# [Available data]
=== Begin Enclosure ===

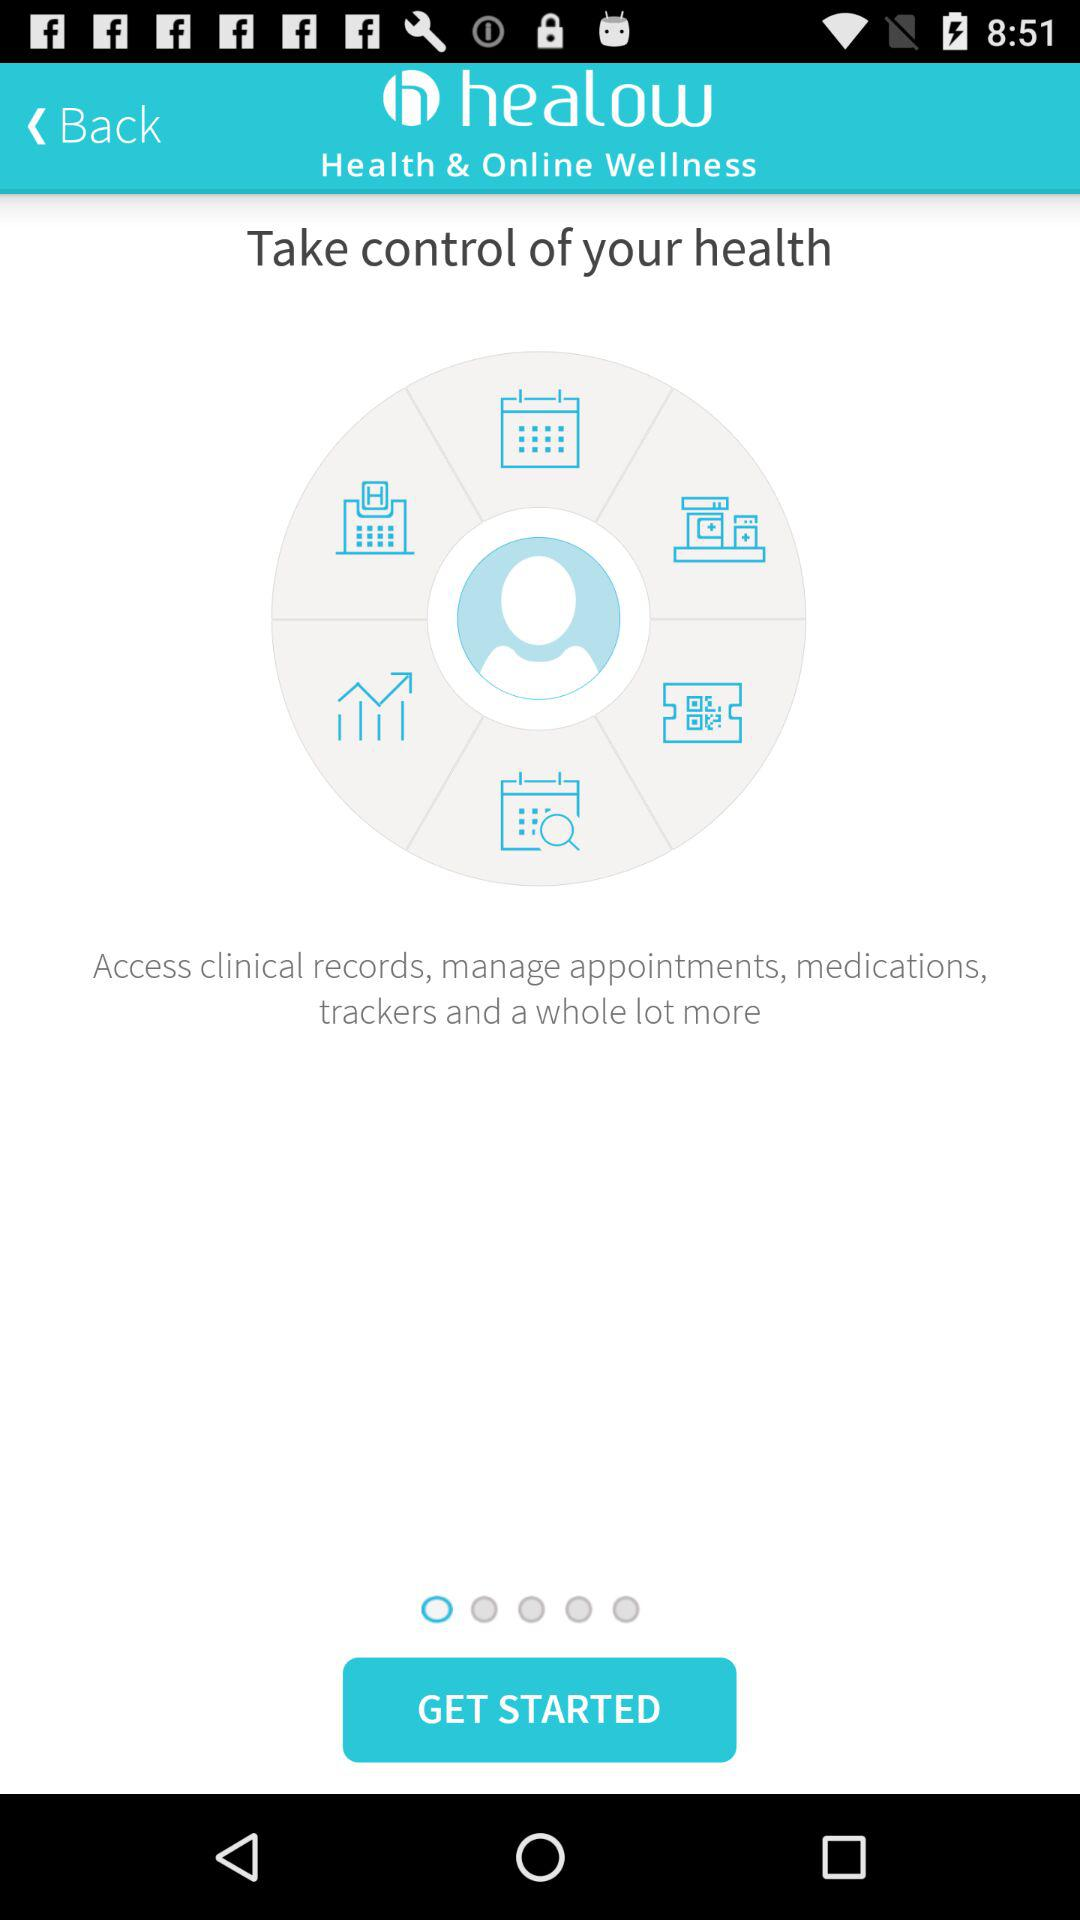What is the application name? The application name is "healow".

=== End Enclosure ===
=== Begin Enclosure ===

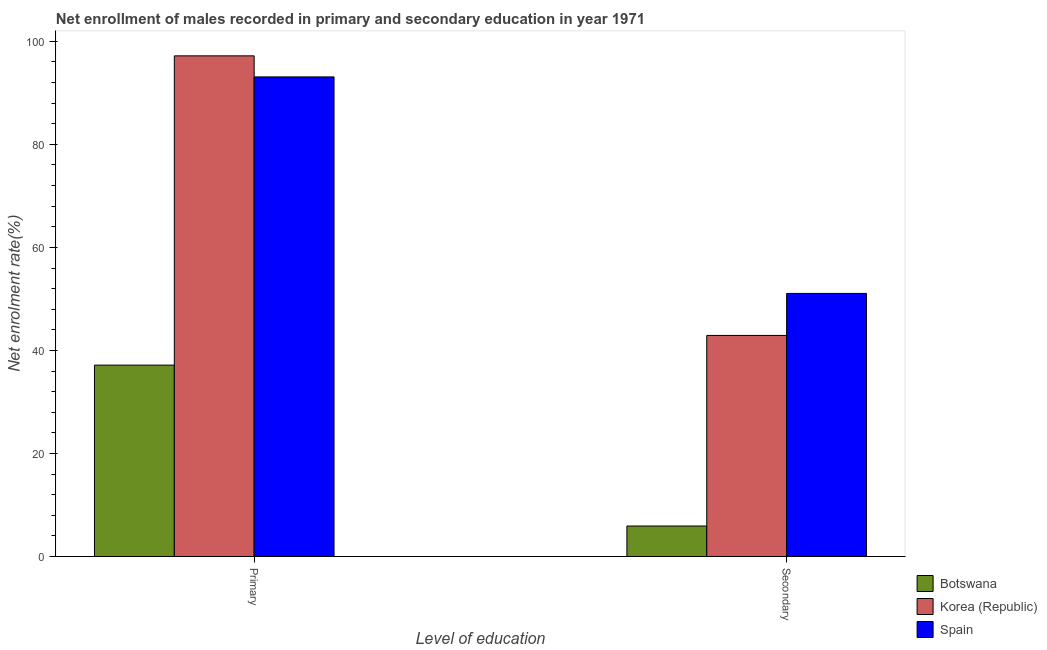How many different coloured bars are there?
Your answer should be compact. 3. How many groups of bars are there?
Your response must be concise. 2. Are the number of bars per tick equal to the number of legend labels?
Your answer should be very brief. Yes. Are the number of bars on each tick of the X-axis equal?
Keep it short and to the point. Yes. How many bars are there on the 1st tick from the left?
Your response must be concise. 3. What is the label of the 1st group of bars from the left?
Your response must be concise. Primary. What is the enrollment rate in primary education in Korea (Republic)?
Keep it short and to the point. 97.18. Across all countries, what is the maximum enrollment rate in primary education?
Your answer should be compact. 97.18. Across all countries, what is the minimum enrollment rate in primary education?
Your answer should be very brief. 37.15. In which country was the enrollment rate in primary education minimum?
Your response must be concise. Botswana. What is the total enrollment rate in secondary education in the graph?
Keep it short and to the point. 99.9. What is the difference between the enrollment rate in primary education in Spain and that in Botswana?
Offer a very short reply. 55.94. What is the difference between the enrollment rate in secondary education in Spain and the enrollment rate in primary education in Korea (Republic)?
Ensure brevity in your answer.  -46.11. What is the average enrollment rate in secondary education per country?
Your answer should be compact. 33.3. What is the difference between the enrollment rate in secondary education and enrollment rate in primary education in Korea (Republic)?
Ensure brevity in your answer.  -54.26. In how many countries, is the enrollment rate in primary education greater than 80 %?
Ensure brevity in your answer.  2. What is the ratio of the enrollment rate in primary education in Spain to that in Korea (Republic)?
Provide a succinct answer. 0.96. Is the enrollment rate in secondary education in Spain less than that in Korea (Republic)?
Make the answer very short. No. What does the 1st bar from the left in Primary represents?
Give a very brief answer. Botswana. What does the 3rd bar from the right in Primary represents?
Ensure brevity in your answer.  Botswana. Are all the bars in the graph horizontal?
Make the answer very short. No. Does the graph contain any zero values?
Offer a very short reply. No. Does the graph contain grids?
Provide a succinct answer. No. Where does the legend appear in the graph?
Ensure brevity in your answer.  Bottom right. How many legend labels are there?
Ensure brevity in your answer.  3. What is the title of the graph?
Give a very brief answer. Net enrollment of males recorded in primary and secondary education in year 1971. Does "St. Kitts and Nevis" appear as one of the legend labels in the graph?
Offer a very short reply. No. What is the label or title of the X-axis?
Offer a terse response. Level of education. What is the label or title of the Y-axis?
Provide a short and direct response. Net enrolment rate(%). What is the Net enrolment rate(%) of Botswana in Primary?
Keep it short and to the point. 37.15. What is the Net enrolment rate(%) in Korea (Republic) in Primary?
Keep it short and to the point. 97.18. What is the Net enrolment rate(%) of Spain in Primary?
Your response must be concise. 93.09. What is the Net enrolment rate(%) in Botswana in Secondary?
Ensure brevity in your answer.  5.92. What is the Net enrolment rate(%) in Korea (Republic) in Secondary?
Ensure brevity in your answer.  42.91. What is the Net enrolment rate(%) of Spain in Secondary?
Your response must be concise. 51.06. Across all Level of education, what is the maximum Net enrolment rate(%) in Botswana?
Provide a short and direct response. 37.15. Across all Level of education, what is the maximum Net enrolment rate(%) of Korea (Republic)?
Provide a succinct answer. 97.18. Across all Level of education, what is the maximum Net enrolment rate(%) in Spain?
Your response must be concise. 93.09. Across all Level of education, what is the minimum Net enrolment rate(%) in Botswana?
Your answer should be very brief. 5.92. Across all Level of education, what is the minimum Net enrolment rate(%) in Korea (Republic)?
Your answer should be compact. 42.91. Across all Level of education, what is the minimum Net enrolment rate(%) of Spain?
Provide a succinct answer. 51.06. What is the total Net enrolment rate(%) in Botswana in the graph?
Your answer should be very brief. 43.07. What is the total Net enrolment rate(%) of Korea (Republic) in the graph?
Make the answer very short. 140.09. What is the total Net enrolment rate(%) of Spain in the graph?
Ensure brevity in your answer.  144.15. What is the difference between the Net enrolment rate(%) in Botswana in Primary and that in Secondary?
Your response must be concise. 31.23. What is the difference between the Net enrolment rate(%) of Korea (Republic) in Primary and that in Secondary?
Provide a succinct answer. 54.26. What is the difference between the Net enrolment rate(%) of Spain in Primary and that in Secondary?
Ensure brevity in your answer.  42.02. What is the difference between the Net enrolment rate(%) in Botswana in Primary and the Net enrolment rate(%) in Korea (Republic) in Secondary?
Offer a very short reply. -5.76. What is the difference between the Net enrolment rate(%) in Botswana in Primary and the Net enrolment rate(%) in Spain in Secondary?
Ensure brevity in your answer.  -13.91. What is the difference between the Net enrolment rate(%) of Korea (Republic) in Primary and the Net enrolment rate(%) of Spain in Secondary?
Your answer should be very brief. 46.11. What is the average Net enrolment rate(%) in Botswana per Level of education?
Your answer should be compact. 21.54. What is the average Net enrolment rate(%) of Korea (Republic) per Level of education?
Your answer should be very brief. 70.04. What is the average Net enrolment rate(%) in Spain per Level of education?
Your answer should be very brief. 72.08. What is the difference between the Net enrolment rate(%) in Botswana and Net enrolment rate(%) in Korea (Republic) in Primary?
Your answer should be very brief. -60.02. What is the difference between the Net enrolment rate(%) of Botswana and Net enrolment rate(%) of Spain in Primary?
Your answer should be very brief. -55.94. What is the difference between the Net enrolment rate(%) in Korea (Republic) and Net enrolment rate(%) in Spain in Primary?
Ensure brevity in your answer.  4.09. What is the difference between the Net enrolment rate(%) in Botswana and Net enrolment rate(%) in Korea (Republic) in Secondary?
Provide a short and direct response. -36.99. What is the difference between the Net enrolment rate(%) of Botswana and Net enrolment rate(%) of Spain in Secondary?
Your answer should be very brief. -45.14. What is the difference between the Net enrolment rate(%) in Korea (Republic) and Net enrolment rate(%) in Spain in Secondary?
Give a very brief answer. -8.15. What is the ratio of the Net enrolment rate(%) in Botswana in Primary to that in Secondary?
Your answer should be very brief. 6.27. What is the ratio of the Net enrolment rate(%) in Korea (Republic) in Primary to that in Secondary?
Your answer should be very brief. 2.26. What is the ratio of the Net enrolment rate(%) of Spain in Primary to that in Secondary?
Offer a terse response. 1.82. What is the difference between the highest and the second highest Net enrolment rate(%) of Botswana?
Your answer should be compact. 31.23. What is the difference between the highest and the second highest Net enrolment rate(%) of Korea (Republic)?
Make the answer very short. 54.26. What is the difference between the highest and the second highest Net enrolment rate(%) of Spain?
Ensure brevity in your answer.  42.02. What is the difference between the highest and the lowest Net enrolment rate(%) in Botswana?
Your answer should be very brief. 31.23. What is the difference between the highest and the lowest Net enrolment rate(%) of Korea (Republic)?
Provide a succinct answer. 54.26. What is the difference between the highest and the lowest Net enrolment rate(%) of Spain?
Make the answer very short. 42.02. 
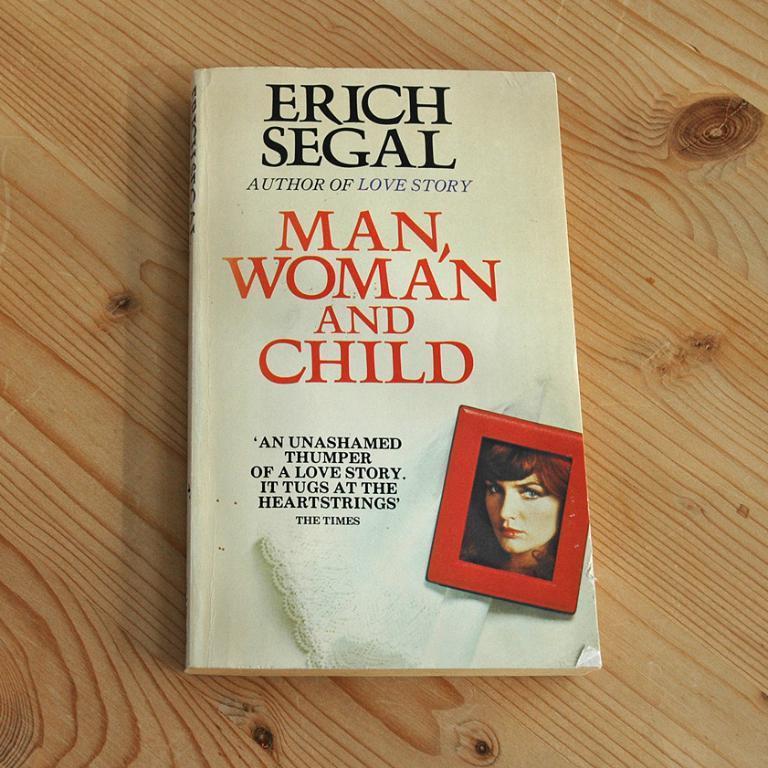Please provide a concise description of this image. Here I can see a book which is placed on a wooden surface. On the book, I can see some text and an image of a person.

=== End Enclosure ===

# [Your instructions]
Where a line of the data includes the string "contain", list that line.

# [Answer to the problem]
Make the answer very short. No. Does the graph contain any zero values?
Offer a very short reply. No. Does the graph contain grids?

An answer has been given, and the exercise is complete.